**INFORMATION PROVIDED**
══════════
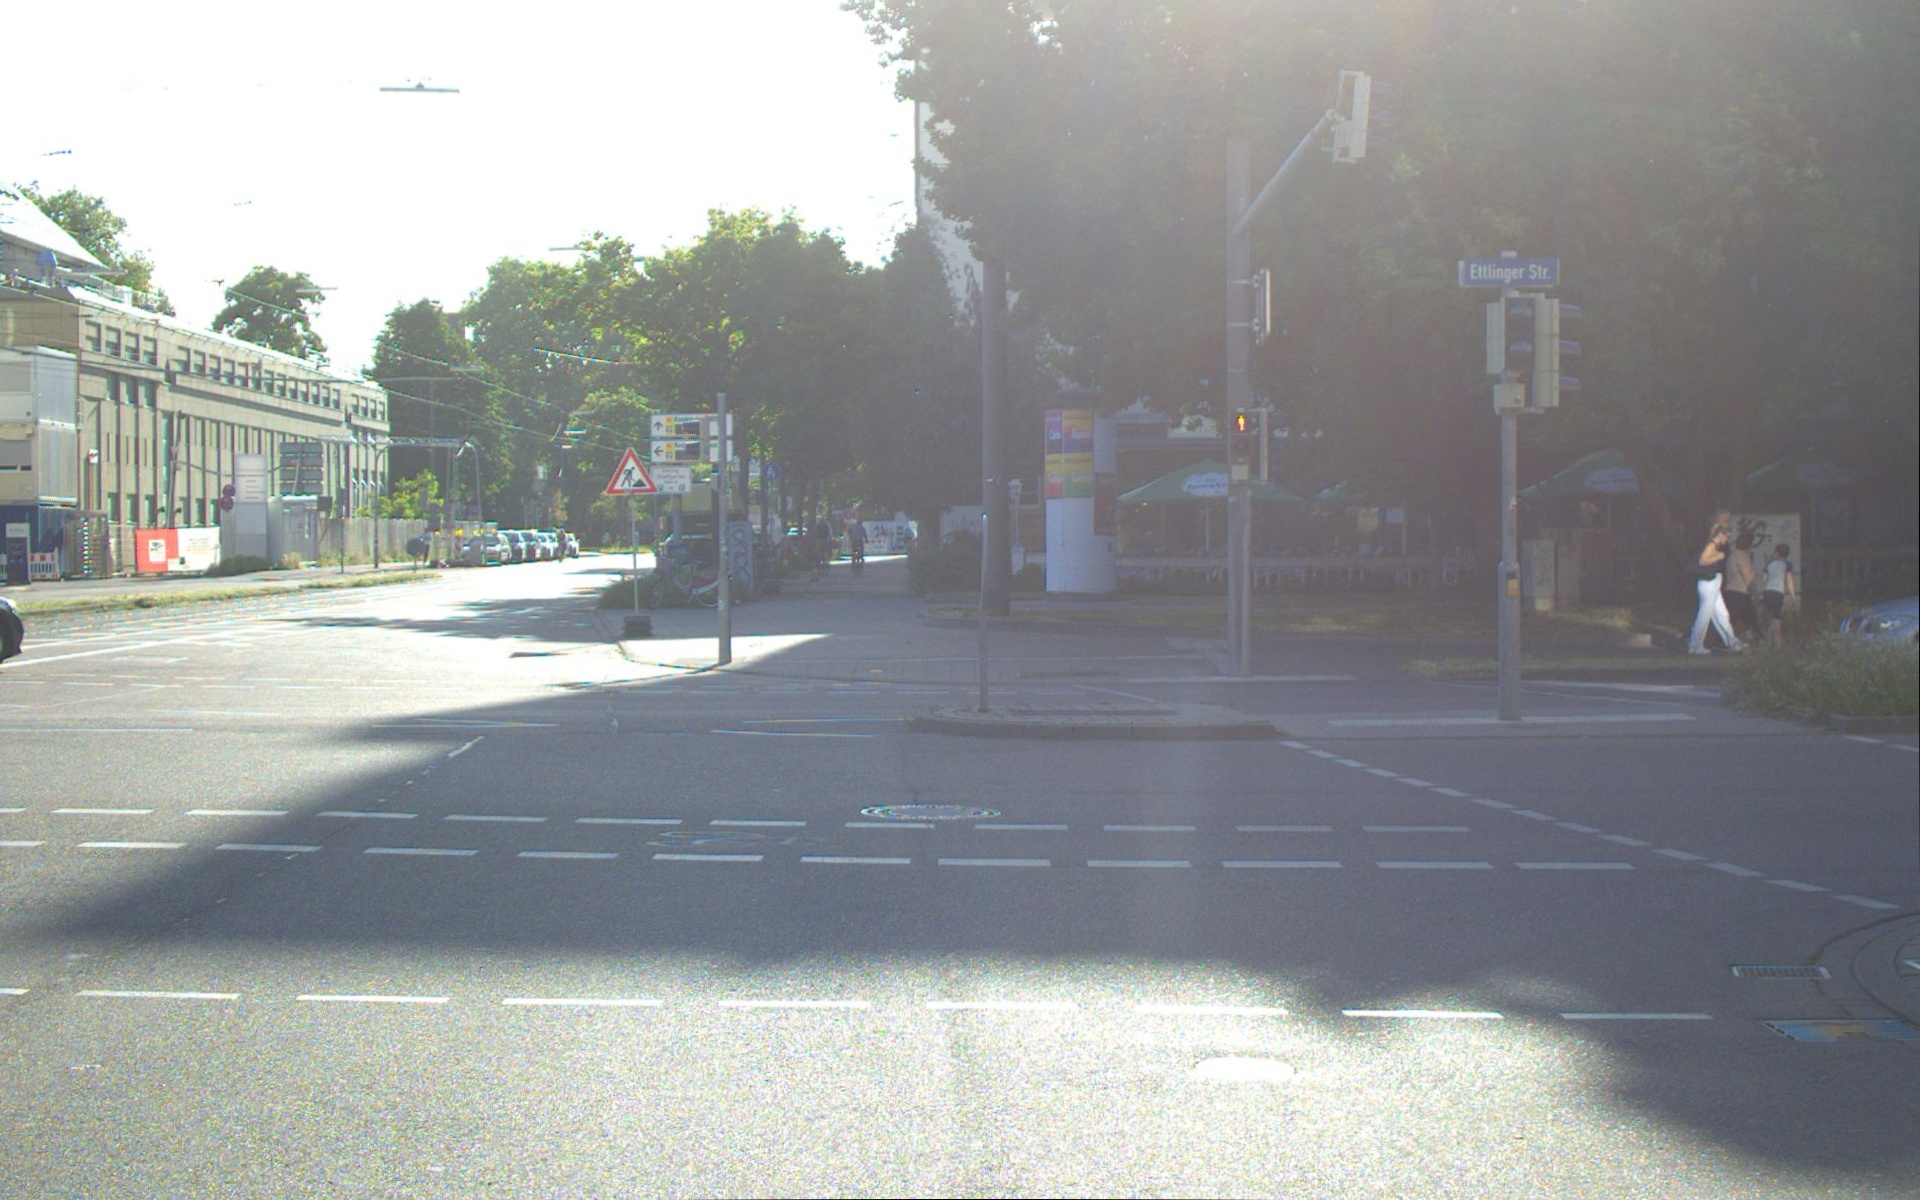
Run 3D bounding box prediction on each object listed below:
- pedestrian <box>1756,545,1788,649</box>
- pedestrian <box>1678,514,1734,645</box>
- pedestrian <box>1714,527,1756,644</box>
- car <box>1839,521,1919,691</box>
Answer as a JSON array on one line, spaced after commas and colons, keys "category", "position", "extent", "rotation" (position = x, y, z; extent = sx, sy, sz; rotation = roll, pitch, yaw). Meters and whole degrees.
[{"category": "pedestrian", "position": [10.298, -0.040, 43.604], "extent": [0.317, 1.311, 0.345], "rotation": [1, 2, 2]}, {"category": "pedestrian", "position": [9.534, -0.266, 43.963], "extent": [0.583, 1.657, 0.514], "rotation": [1, 2, 2]}, {"category": "pedestrian", "position": [10.021, -0.194, 44.472], "extent": [0.439, 1.498, 0.437], "rotation": [0, 1, 1]}, {"category": "car", "position": [10.761, 0.025, 33.422], "extent": [3.993, 1.605, 1.650], "rotation": [-1, 1, -1]}]
══════════
**HOW TO COMPLETE THIS TASK**
When you reach an image, pass over it, and retype all other material exactly.

**OUTPUT**
Run 3D bounding box prediction on each object listed below:
- pedestrian <box>1756,545,1788,649</box>
- pedestrian <box>1678,514,1734,645</box>
- pedestrian <box>1714,527,1756,644</box>
- car <box>1839,521,1919,691</box>
Answer as a JSON array on one line, spaced after commas and colons, keys "category", "position", "extent", "rotation" (position = x, y, z; extent = sx, sy, sz; rotation = roll, pitch, yaw). Meters and whole degrees.
[{"category": "pedestrian", "position": [10.298, -0.040, 43.604], "extent": [0.317, 1.311, 0.345], "rotation": [1, 2, 2]}, {"category": "pedestrian", "position": [9.534, -0.266, 43.963], "extent": [0.583, 1.657, 0.514], "rotation": [1, 2, 2]}, {"category": "pedestrian", "position": [10.021, -0.194, 44.472], "extent": [0.439, 1.498, 0.437], "rotation": [0, 1, 1]}, {"category": "car", "position": [10.761, 0.025, 33.422], "extent": [3.993, 1.605, 1.650], "rotation": [-1, 1, -1]}]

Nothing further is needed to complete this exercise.